Le cabinet de l’actuelle ministre des Transports, Geneviève Guilbault, soutient aujourd’hui que la loi adoptée sous les libéraux en 2016 permet à la CMM d’étendre la taxe sur l’immatriculation et que cette question relève de l’autonomie municipale. Le gouvernement Legault laissera donc la CMM aller de l’avant.

Blocage terminé

Jusqu’ici, toutefois, la SAAQ avait toujours dit être incapable d’élargir la taxe à la couronne en raison d’enjeux informatiques. En février 2022, La Presse avait rapporté que ce blocage avait fait en sorte que 400 millions de dollars de moins en quatre ans avaient été dégagés pour le transport collectif.

C’est que la distinction des véhicules immatriculés en Montérégie, mais hors de la CMM, demeure difficile. Un peu moins de 30 % de la population des régions de la Montérégie, des Laurentides et de Lanaudière habitent hors de la CMM.
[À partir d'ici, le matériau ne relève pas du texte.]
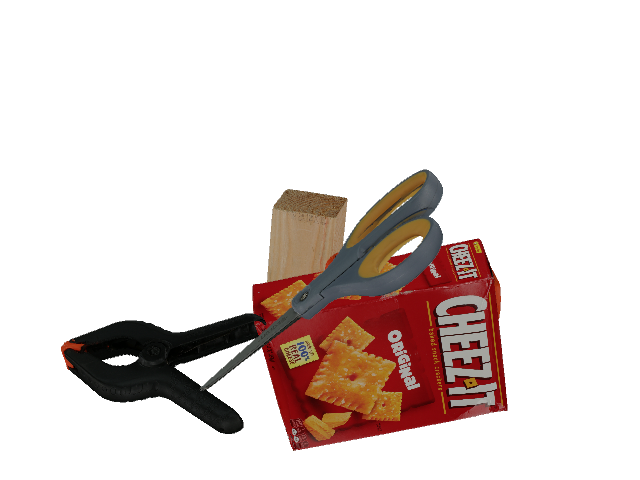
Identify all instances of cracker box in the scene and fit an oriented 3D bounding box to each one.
[{"bbox_3d":[0.058,0.101,0.986,0.213,0.164,0.072,-11,34,2],"label":"cracker box"}]

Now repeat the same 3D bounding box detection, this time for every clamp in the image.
[{"bbox_3d":[-0.129,0.097,0.901,0.171,0.039,0.120,12,40,11],"label":"clamp"}]

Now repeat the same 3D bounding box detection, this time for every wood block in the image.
[{"bbox_3d":[-0.023,0.044,1.486,0.090,0.206,0.090,9,22,8],"label":"wood block"}]

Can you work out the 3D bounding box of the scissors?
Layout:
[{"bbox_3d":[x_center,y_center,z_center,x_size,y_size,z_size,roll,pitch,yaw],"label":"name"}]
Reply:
[{"bbox_3d":[0.003,0.039,0.636,0.016,0.202,0.096,42,5,-22],"label":"scissors"}]

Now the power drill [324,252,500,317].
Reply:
[{"bbox_3d":[0.101,0.062,1.189,0.187,0.057,0.184,-4,28,-4],"label":"power drill"}]
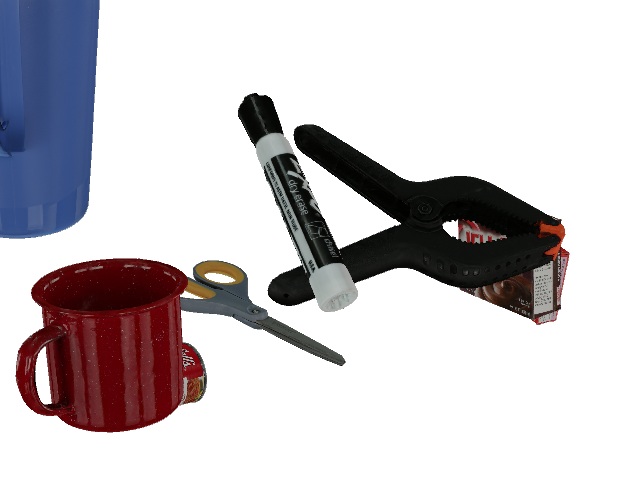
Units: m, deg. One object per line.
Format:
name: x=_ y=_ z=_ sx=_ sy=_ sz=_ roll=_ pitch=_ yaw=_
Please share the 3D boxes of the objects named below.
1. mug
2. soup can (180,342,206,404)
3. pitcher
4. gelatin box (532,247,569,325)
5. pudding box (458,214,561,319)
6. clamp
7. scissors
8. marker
mug: x=-0.133 y=0.067 z=0.645 sx=0.093 sy=0.081 sz=0.117 roll=12 pitch=23 yaw=33
soup can: x=-0.184 y=0.153 z=1.152 sx=0.102 sy=0.068 sz=0.069 roll=-9 pitch=6 yaw=-42
pitcher: x=-0.232 y=-0.124 z=0.804 sx=0.145 sy=0.243 sz=0.148 roll=26 pitch=33 yaw=35
gelatin box: x=0.237 y=0.037 z=1.188 sx=0.030 sy=0.089 sz=0.073 roll=-9 pitch=30 yaw=-23
pudding box: x=0.173 y=0.013 z=0.984 sx=0.039 sy=0.090 sz=0.114 roll=-14 pitch=19 yaw=-29
clamp: x=0.066 y=-0.004 z=0.759 sx=0.210 sy=0.164 sz=0.036 roll=13 pitch=-39 yaw=5
scissors: x=-0.052 y=0.055 z=0.900 sx=0.202 sy=0.016 sz=0.096 roll=16 pitch=26 yaw=22
marker: x=-0.013 y=-0.022 z=0.508 sx=0.020 sy=0.121 sz=0.020 roll=-19 pitch=-27 yaw=-10
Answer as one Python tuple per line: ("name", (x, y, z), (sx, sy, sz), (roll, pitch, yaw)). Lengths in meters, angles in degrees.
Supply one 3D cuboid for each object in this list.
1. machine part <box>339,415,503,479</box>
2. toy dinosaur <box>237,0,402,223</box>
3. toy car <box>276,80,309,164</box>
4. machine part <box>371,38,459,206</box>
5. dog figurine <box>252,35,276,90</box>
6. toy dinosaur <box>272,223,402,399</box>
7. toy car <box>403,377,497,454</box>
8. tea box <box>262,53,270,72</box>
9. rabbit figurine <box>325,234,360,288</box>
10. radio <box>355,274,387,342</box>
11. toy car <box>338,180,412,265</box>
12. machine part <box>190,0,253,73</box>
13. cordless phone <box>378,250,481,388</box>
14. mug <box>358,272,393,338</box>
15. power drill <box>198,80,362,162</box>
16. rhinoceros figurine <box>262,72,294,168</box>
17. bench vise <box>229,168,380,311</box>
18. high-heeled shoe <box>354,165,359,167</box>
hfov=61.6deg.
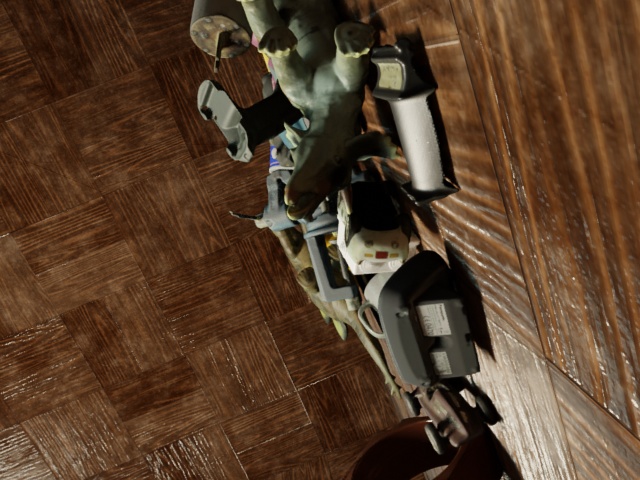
("machine part", (0.141, 0.343, 0.767), (0.201, 0.201, 0.087), (-34, -83, -46))
("toy dinosaur", (-0.012, -0.212, 0.619), (0.192, 0.131, 0.405), (70, -175, -60))
("toy car", (-0.011, -0.193, 0.849), (0.161, 0.103, 0.109), (60, -142, -52))
("machine part", (0.078, -0.100, 0.461), (0.084, 0.039, 0.138), (-143, 32, -69))
("dog figurine", (-0.075, -0.349, 0.895), (0.192, 0.108, 0.219), (-117, 2, -54))
("toy dinosaur", (0.023, 0.091, 1.040), (0.472, 0.105, 0.198), (58, 175, 42))
("toy car", (0.170, 0.224, 0.736), (0.202, 0.089, 0.053), (-148, 33, -89))
("tea box", (-0.077, -0.374, 1.163), (0.169, 0.068, 0.098), (72, 176, -51))
("rabbit figurine", (0.066, 0.030, 1.160), (0.173, 0.122, 0.162), (1, 107, 67))
("radio", (0.112, 0.079, 0.940), (0.230, 0.073, 0.130), (-116, 4, -56))
("toy car", (0.063, -0.029, 0.667), (0.202, 0.074, 0.056), (-96, 7, -65))
("machine part", (-0.115, -0.322, 0.679), (0.079, 0.079, 0.243), (73, -160, -69))
("cordless phone", (0.123, 0.061, 0.628), (0.184, 0.089, 0.146), (-79, -27, -57))
("mug", (0.115, 0.099, 0.754), (0.107, 0.109, 0.080), (50, 163, 33))
("power drill", (-0.060, -0.205, 0.735), (0.232, 0.207, 0.086), (58, 145, 4))
("rhinoceros figurine", (-0.064, -0.224, 1.009), (0.112, 0.073, 0.190), (102, 159, -74))
("bench vise", (0.002, -0.003, 0.838), (0.129, 0.224, 0.240), (-11, -94, -74))
("high-heeled shoe", (-0.012, -0.125, 1.015), (0.249, 0.145, 0.086), (-124, 13, -72))
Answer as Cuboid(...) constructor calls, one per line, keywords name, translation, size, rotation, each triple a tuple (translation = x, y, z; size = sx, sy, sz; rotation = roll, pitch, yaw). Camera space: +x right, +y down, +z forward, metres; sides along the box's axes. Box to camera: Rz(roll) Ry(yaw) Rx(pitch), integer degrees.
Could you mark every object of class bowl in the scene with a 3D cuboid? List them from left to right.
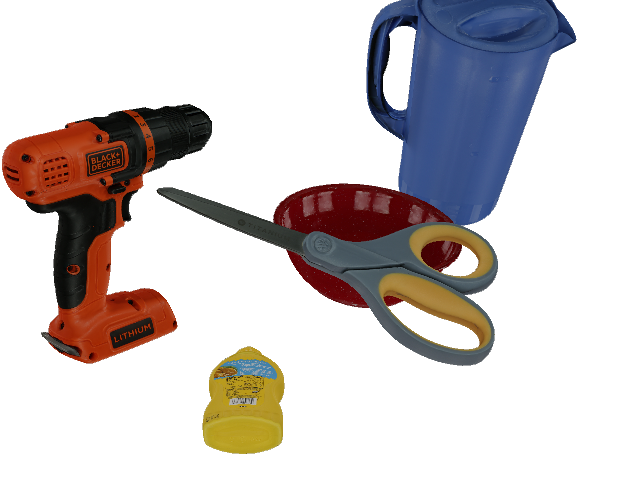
Cuboid(name="bowl", translation=(0.037, 0.011, 0.915), size=(0.162, 0.055, 0.162), rotation=(6, 29, -4))

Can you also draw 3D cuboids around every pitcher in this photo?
Cuboid(name="pitcher", translation=(0.134, -0.134, 1.054), size=(0.144, 0.243, 0.149), rotation=(-30, 57, -31))

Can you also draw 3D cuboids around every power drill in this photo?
Cuboid(name="power drill", translation=(-0.158, -0.010, 0.849), size=(0.184, 0.188, 0.057), rotation=(-20, 27, -40))

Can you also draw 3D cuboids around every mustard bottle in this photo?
Cuboid(name="mustard bottle", translation=(-0.094, 0.191, 1.349), size=(0.096, 0.058, 0.191), rotation=(-2, 26, 0))

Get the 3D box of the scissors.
Cuboid(name="scissors", translation=(0.016, -0.003, 0.603), size=(0.202, 0.096, 0.016), rotation=(33, -36, 10))
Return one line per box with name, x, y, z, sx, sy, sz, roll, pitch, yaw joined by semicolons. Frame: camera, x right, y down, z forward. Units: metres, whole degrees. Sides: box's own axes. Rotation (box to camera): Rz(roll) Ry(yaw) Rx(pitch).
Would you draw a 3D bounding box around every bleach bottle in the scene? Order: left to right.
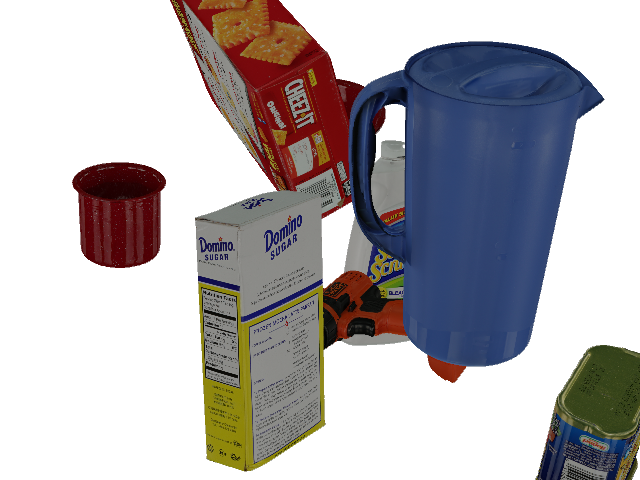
bleach bottle;0.075;0.002;1.328;0.102;0.251;0.068;-2;16;-19

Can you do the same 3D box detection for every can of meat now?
can of meat;0.183;0.128;0.707;0.057;0.084;0.101;20;33;22

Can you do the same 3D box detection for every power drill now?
power drill;0.063;0.093;1.112;0.188;0.057;0.184;11;28;24

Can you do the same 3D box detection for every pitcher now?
pitcher;0.114;-0.026;0.840;0.149;0.243;0.144;24;36;34

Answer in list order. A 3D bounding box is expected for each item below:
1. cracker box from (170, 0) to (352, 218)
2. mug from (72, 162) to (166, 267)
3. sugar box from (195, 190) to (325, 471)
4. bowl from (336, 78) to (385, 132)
cracker box;-0.050;-0.140;0.909;0.072;0.164;0.214;-29;49;-8
mug;-0.206;-0.030;1.102;0.093;0.081;0.117;0;28;-7
sugar box;-0.039;0.060;0.734;0.048;0.176;0.093;8;19;34
bowl;-0.008;-0.115;1.172;0.162;0.055;0.162;-4;39;3
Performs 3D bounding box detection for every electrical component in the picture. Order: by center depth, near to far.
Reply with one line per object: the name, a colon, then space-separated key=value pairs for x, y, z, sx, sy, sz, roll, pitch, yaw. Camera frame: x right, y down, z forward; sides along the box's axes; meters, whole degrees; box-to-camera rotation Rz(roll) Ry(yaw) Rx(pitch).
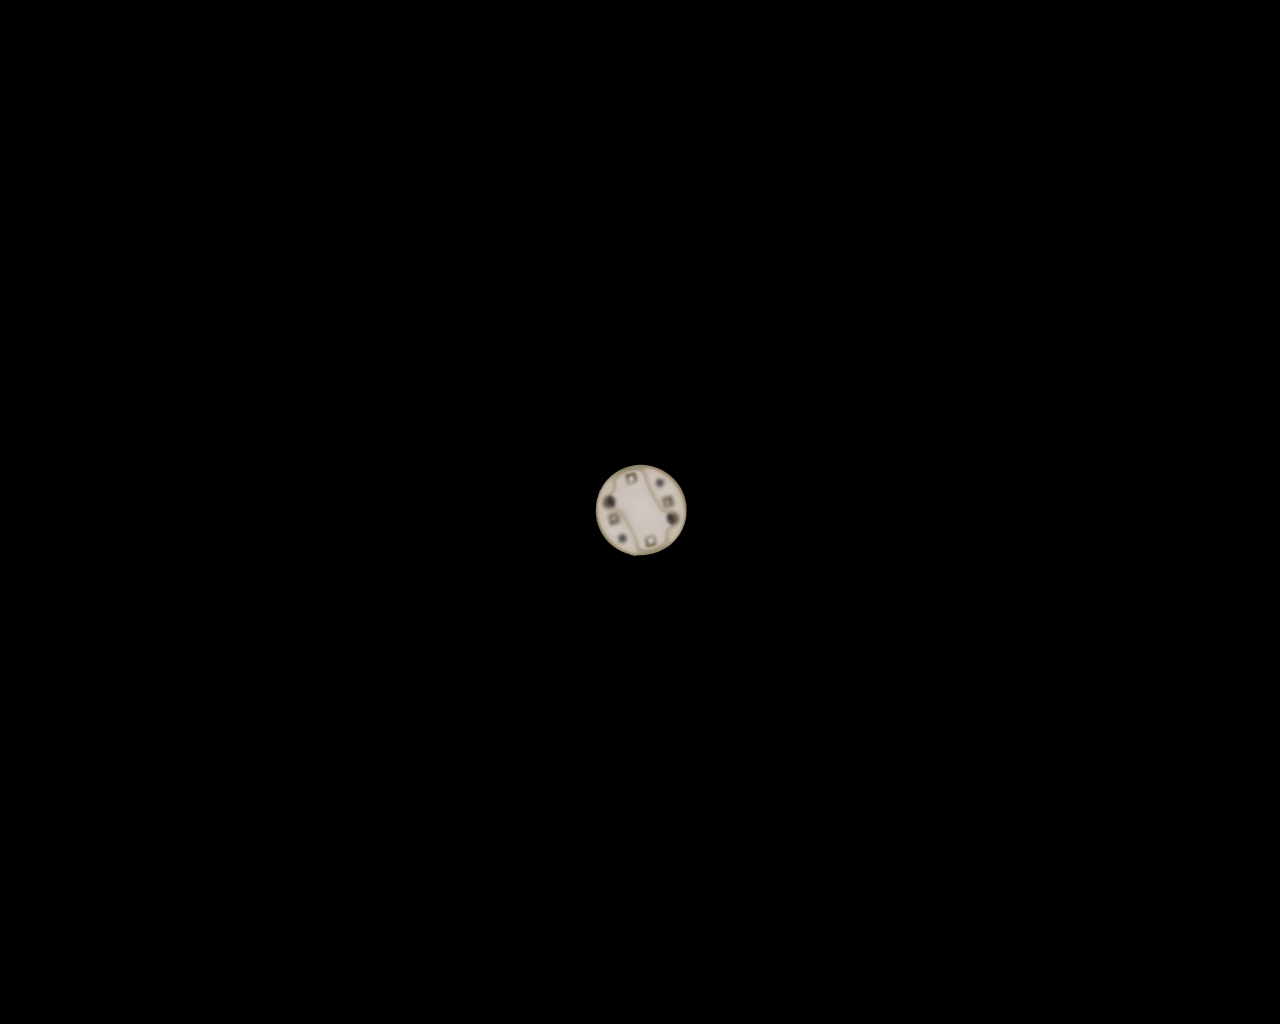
electrical component: x=0.001 y=-0.003 z=0.650 sx=0.055 sy=0.055 sz=0.047 roll=0 pitch=4 yaw=0
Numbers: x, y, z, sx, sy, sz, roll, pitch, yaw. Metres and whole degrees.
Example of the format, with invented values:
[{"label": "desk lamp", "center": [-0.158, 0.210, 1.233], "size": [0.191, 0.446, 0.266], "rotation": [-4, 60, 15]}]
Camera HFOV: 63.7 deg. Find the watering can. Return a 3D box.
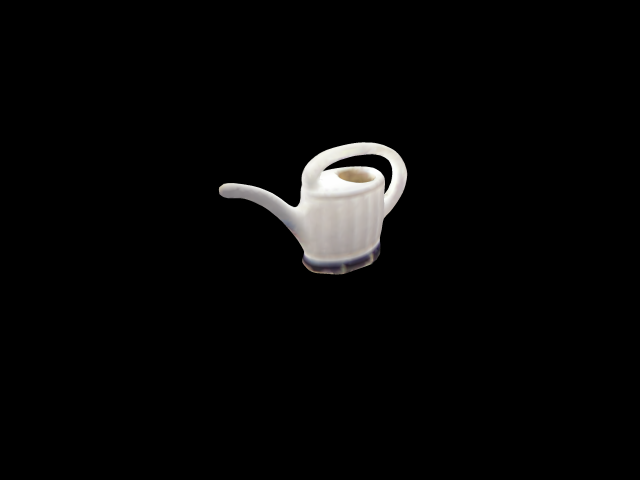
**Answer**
[{"label": "watering can", "center": [0.003, -0.043, 0.850], "size": [0.350, 0.220, 0.105], "rotation": [-17, 32, -28]}]
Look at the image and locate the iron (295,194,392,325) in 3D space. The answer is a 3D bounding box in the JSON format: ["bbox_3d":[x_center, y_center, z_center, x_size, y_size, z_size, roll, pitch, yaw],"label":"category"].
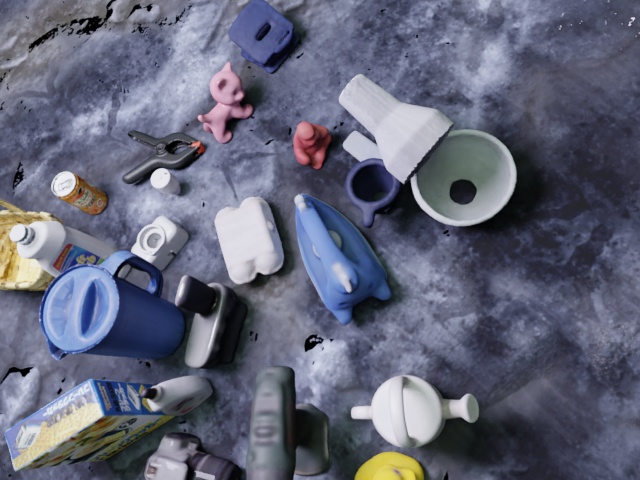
[{"bbox_3d":[0.009,0.003,0.947,0.118,0.142,0.258,-33,68,4],"label":"iron"}]

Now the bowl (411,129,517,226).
[{"bbox_3d":[0.238,-0.094,0.951,0.167,0.075,0.167,-4,73,14],"label":"bowl"}]

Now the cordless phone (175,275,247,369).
[{"bbox_3d":[-0.203,0.134,0.940,0.094,0.185,0.148,6,75,17],"label":"cordless phone"}]

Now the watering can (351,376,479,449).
[{"bbox_3d":[0.132,0.241,0.814,0.173,0.194,0.101,-28,69,6],"label":"watering can"}]

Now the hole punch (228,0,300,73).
[{"bbox_3d":[-0.109,-0.405,1.128,0.101,0.091,0.109,36,85,22],"label":"hole punch"}]

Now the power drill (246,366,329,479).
[{"bbox_3d":[-0.048,0.304,0.835,0.075,0.209,0.229,-8,72,13],"label":"power drill"}]

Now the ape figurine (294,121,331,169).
[{"bbox_3d":[-0.019,-0.182,1.037,0.078,0.092,0.076,-34,68,3],"label":"ape figurine"}]

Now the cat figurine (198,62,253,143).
[{"bbox_3d":[-0.186,-0.267,1.093,0.067,0.118,0.128,35,85,22],"label":"cat figurine"}]

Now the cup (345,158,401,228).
[{"bbox_3d":[0.095,-0.068,0.971,0.091,0.095,0.118,4,75,16],"label":"cup"}]

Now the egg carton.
[{"bbox_3d":[-0.125,0.000,1.022,0.107,0.069,0.150,-23,69,7],"label":"egg carton"}]

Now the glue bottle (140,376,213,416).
[{"bbox_3d":[-0.240,0.250,0.922,0.078,0.173,0.037,-41,68,1],"label":"glue bottle"}]

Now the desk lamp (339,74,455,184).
[{"bbox_3d":[0.115,-0.170,0.932,0.202,0.214,0.118,40,87,22],"label":"desk lamp"}]

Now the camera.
[{"bbox_3d":[-0.206,0.391,0.909,0.136,0.101,0.143,8,76,17],"label":"camera"}]

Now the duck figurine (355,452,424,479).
[{"bbox_3d":[0.099,0.357,0.847,0.104,0.086,0.077,-12,71,11],"label":"duck figurine"}]

Une entente vient toutefois d’être conclue avec la SAAQ afin d’aller de l’avant. C’est sur cette entente que les élus de la CMM étaient appelés à voter, jeudi matin, et qu’ils ont entérinée en majorité. La SAAQ a d’ailleurs confirmé jeudi avoir informé la CMM qu’elle pourra « répondre à la demande de perception de la taxe sur l’immatriculation » d’ici 2024, « le temps de compléter notre transformation numérique ».

La Communauté métropolitaine, elle, affirme que sa taxe sur l’immatriculation s’avère « plus pertinente que jamais », alors que l’Autorité régionale de transport métropolitain « doit faire face à un important déficit en raison de la forte baisse d’achalandage liée aux nouvelles habitudes de déplacement exacerbées par la pandémie » de COVID-19.

Consultez la liste des 82 municipalités de la Communauté métropolitaine de Montréal

Des projets à la tonne

Cet automne, l’Autorité régionale de transport métropolitain (ARTM) avait chiffré son manque à gagner à environ 500 millions. L’Association du transport urbain du Québec avait aussi signalé que le manque à gagner risquait d’atteindre 900 millions d’ici cinq ans au Québec. En mars, Québec a toutefois offert une aide d’urgence de 400 millions à l’industrie, dont 340 millions reviennent à l’ARTM. Il reste cependant que le cadre financier de l’ARTM devra « intégrer d’ici quelques mois les coûts d’exploitation et d’immobilisation de plusieurs nouveaux projets, dont le REM, le prolongement de la ligne bleue du métro et la mise en service de voies réservées », souligne la Communauté métropolitaine de Montréal (CMM). De surcroît, selon la CMM, « la part des municipalités et celle des usagers dans son financement ont atteint leur maximum, tandis que celle des automobilistes est en baisse et se situe à 5 % ».